Que peut le design pour l'environnement ?
Antonella Tufano, Émilie Flamme, Benjamin Graindorge, Sophie Pène

Séance n°3, mercredi 2 février 2022. Compte-rendu rédigé par Leila Masmoudi Marina Ricci.

Figure 1. Conférence 3, master 2 « Design, Arts, Médias », promo. 2021-2022.
Podcast 3

1. Introduction (Antonella Tufano)

Sophie Pène, professeur en science de l'information et de la communication, et Émilie Flamme, chercheuse en géographies légales, entament un débat, sous la modération d'Antonella Tufano, professeure à Paris 1 Panthéon-Sorbonne. Le design est confronté, depuis les années 70, à la question de son impact sur l'environnement. Ce point de départ a été l'occasion d'ouvrir le débat sur des problèmes de définition de tout un ensemble de concepts : milieu, écosystème, écologie, umwelt... Le design peut-il exister avec et pour l'environnement ?

1.2 Définitions

Le terme « environnement » est intégré par Paul Vidal de La Blache dans ses Principes de géographie humaine1, publiés en 1921, afin d'identifier tout ce qui nous entoure en tant que personne, et ce dans quoi les personnes sont immergées. À travers cette définition, Vidal de La Blache met en avant une connotation d'extériorité : nous ne faisons que traverser l'environnement.

Dans les années 1970, cette notion prend une dimension opérationnelle chez les géographes, devenant ainsi le fondement de la lecture écologique de l'espace. Devenu omniprésent dans les écrits, l'environnement exprime une prise de conscience collective vis-à-vis de l'impact du monde industriel sur nos espaces quotidiens. Ces événements ont alors provoqué l'émergence d'un ensemble d'autres notions: le milieu, l'écosystème, la biodiversité2...

En parallèle, le design prend un nouvel élan avec l'apparition d'institutions, comme l'école d'Ulm dans les années 1960. À travers cette nouvelle ère naît le besoin de créer des objets chargés de sens, autant du point de vue esthétique qu'utilitaire.

Autour des années 2010, les concepts d'environnement et de design se croisent pour ainsi former de nouvelles pratiques, telles que le design environnemental ou l'éco-design. Une prise de conscience semble s'être affirmée : le design(er), qui a exercé une autorité sans partage sur l'environnement depuis la révolution industrielle3, semble vouloir inverser la tendance. Nos invitées ont fait le choix de prendre parti dans ce renversement, avec pour cœur de réflexion de regarder ce que peut le design pour l'environnement. Il ne s'agit plus seulement de concevoir pour, mais avec l'environnement.

2. Émilie Flamme

Chercheuse à l'institut Jean Nicod (Paris), Émilie Flamme s'intéresse au changement climatique et aux questions environnementales à travers l'urbanisme, le design et les politiques publiques.
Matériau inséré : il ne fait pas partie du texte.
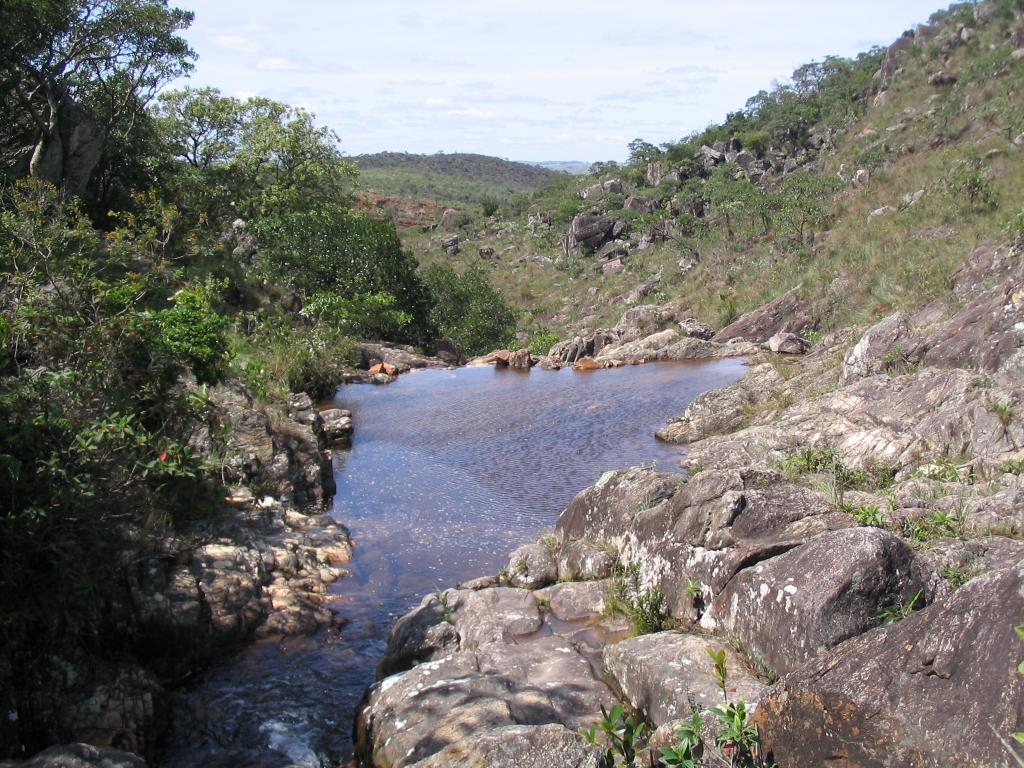What is the primary element visible in the image? There is water in the image. What surrounds the water in the image? There are rocks around the water. What can be seen in the background of the image? There are trees and rocks in the background of the image. How does the water start to boil in the image? The water does not start to boil in the image; there is no indication of heat or boiling. 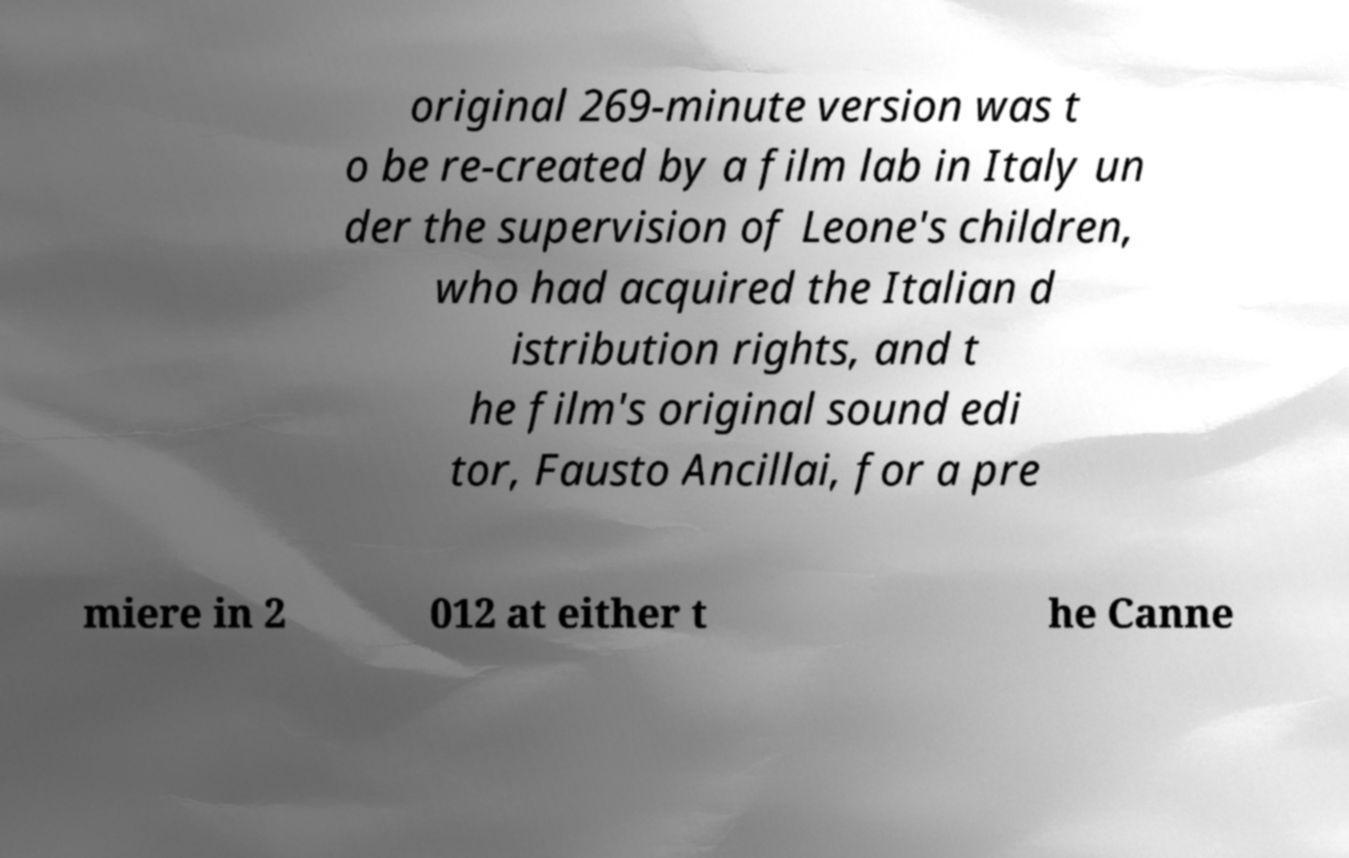Can you accurately transcribe the text from the provided image for me? original 269-minute version was t o be re-created by a film lab in Italy un der the supervision of Leone's children, who had acquired the Italian d istribution rights, and t he film's original sound edi tor, Fausto Ancillai, for a pre miere in 2 012 at either t he Canne 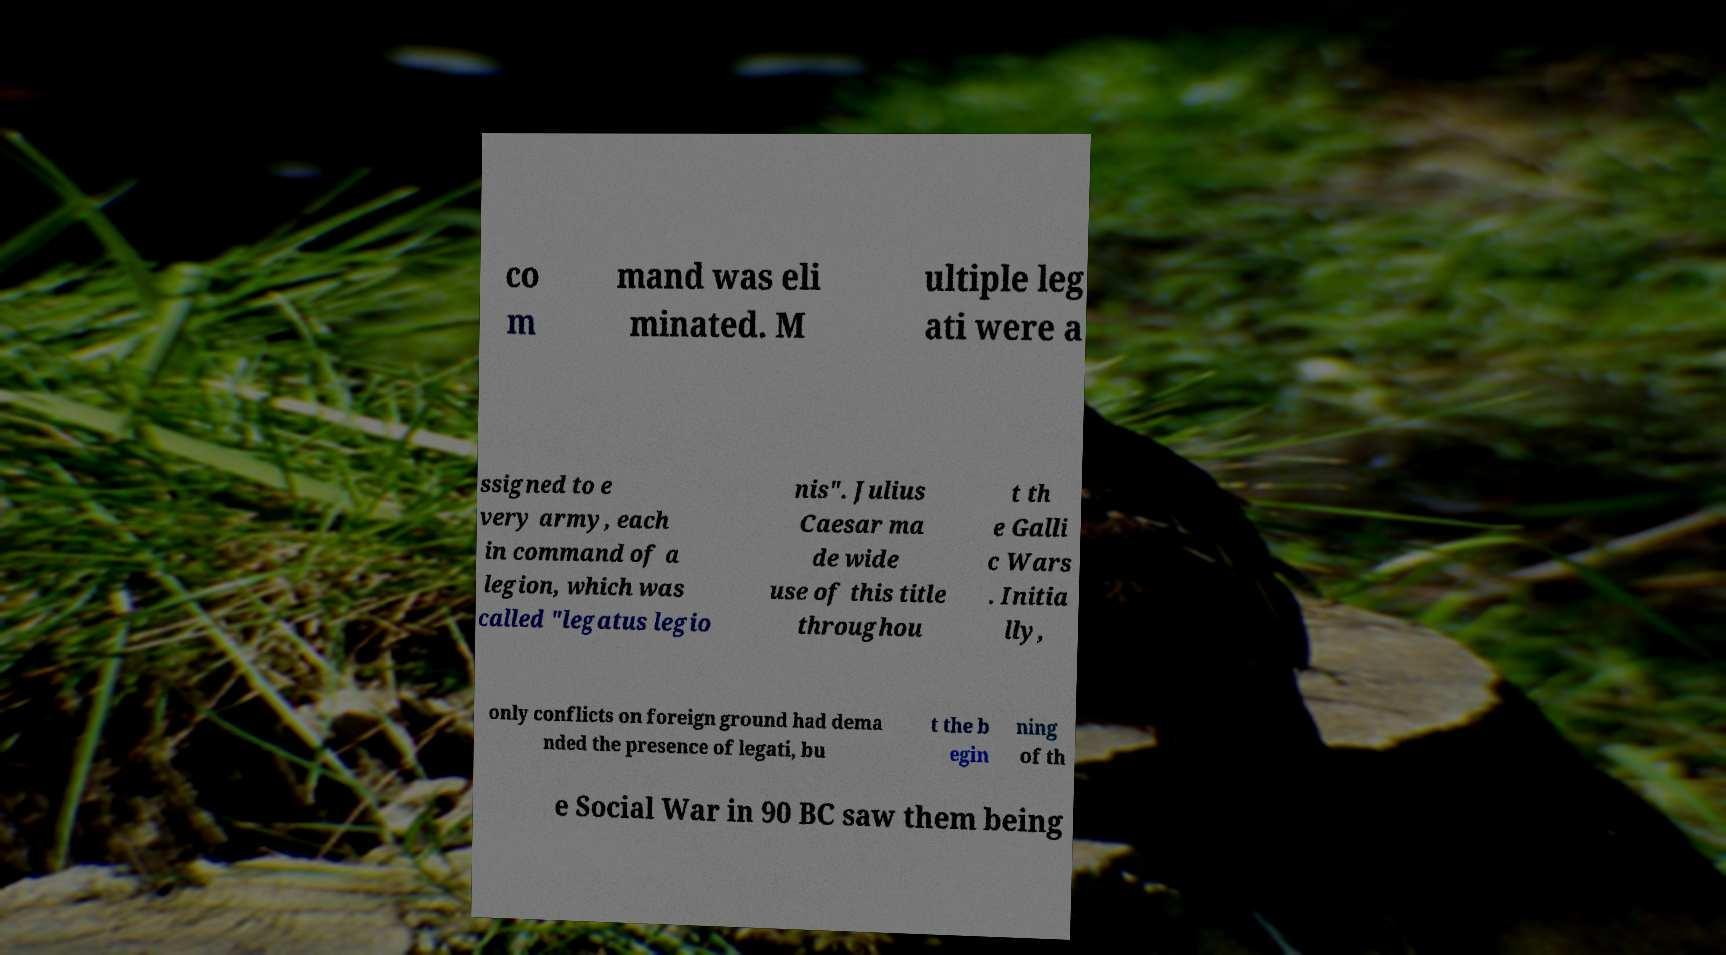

2.1 Un parcours interdisciplinaire

Aujourd'hui, Émilie Flamme travaille à l'institut Jean Nicod au sein de l'équipe « Environnement : concepts et normes4 ». Cette équipe, dirigée par Sacha Bourgeois-Gironde, allie philosophie, économie, droit, sciences cognitives et comportementales, écologie théorique ou appliquée.

Durant cette conférence, Émilie Flamme revient sur son travail qui pourrait sembler être étranger au domaine du design, de l'esthétique et des arts. En effet, étant issue d'une pratique créative de conception aux État-Unis, cette jeune chercheuse tente de faire le pont entre design et enjeux politiques et juridiques profonds, parfois méconnus. Pour cela, Émilie Flamme perçoit le design comme un traducteur graphique, un positionnement qu'elle qualifie actuellement de « praxis5 ». Son travail consiste à recontextualiser et repenser des cadres d'idées vis-à-vis de l'environnement. Son objectif premier est de trouver des solutions alternatives à des problématiques socio-politiques par le design.

2.2 Les géographies légales, penser le design pour l'environnement

Pour nous faire pénétrer au cœur de son travail, Émilie Flamme introduit le concept de « géographie légale ». La géographie légale caractérise les relations faites entre la/les géographies et le droit. Cette association permet de mettre en place une « approche spécifique pour analyser les questions environnementales au prisme des discours juridiques6. » Pour cela, Émilie Flamme évoque la création de « nouveaux récits » ouvrant à des compréhensions inattendues par le biais d'analyses de terrains et de problématiques environnementales. Cela lui permet ainsi de donner une nouvelle valeur à des éléments jugés insignifiants.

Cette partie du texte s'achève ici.